US 12,242,520 B2
Training a multi-label classifier
Ravindra K. Balupari, San Jose, CA (US); and Sandeep Yadav, South San Francisco, CA (US)
Assigned to Netskope, Inc., Santa Clara, CA (US)
Filed by Netskope, Inc., Santa Clara, CA (US)
Filed on Sep. 28, 2023, as Appl. No. 18/476,484.
Application 18/476,484 is a continuation of application No. 17/396,503, filed on Aug. 6, 2021, granted, now 11,809,467.
Application 17/396,503 is a continuation of application No. 16/226,394, filed on Dec. 19, 2018, granted, now 11,087,179, issued on Aug. 10, 2021.
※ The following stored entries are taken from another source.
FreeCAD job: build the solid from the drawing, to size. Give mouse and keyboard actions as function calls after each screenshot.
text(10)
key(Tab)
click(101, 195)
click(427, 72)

Prior Publication US 2024/0028625 A1, Jan. 25, 2024
This patent is subject to a terminal disclaimer.
Int. Cl. G06F 16/31 (2019.01); G06F 16/35 (2019.01); G06F 16/951 (2019.01); G06F 18/2411 (2023.01); G06N 20/10 (2019.01)
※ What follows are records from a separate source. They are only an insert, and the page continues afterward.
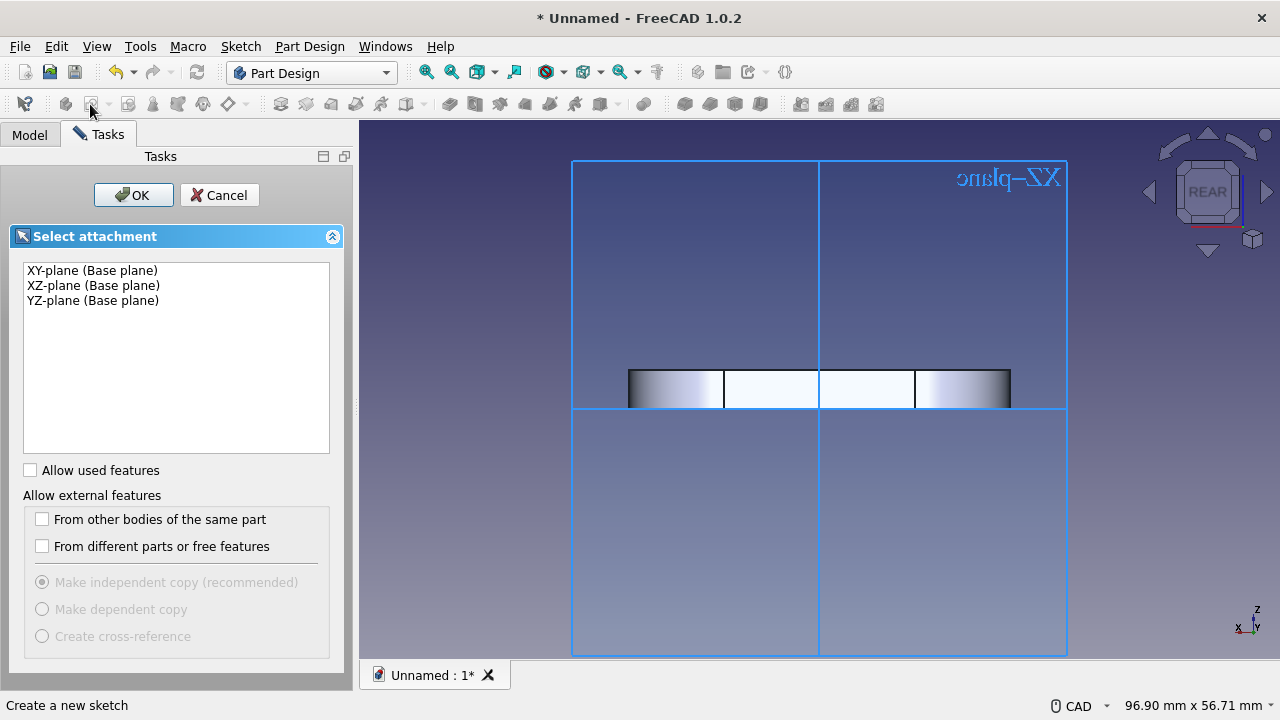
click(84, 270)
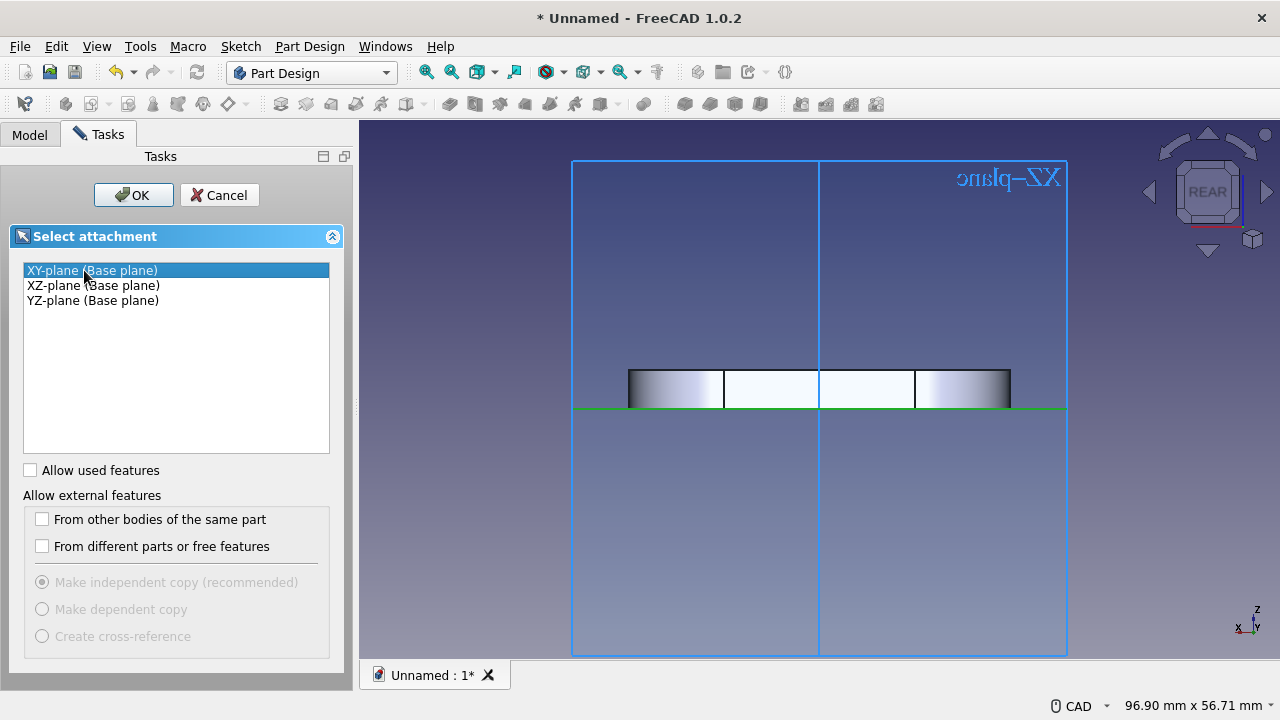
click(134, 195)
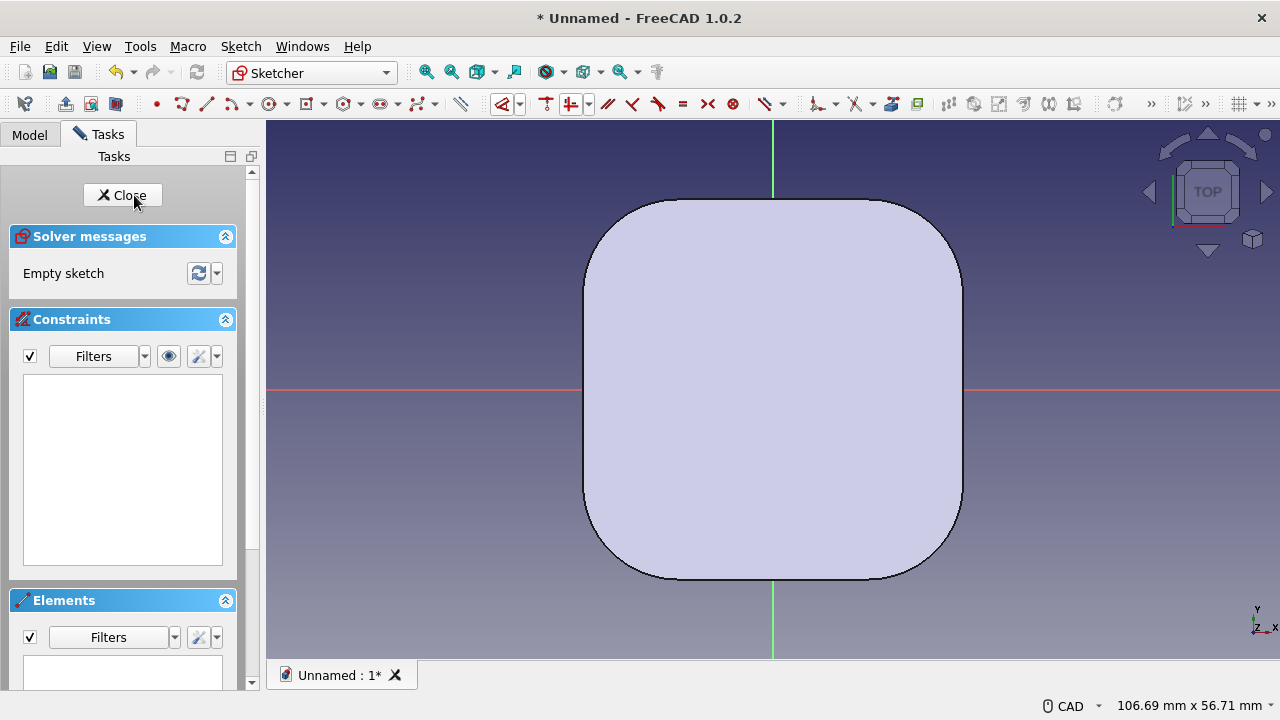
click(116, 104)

CPC G06F 16/313 (2019.01) [G06F 16/35 (2019.01); G06F 16/951 (2019.01); G06F 18/2411 (2023.01); G06N 20/10 (2019.01)] 20 Claims
OG exemplary drawing
 
1. A method, comprising:
training a multi-label classifier, the training comprising:
accessing training examples for documents belonging to a plurality of label classes, wherein a number of the plurality of label classes is more than fifty (50) label classes;
creating document features representing aspects of words in each of the documents;
training a support vector machine with the document features for one-vs-the-rest classification using the plurality of label classes, the training comprising:
training a one-vs-the-rest classifier the number of times such that the one-vs-the-rest classifier is trained one time for each of the plurality of label classes, each training including:
providing the training examples belonging to the respective label class to the support vector machine running the one-vs-the-rest classifier to obtain training output labels, and
comparing the training output labels using a linear support vector machine classifier to generate the number of hyperplane determinations that separate each label class of the plurality of label classes from the rest of the plurality of label classes; and
storing parameters of the trained support vector machine, the parameters comprising the hyperplane determinations.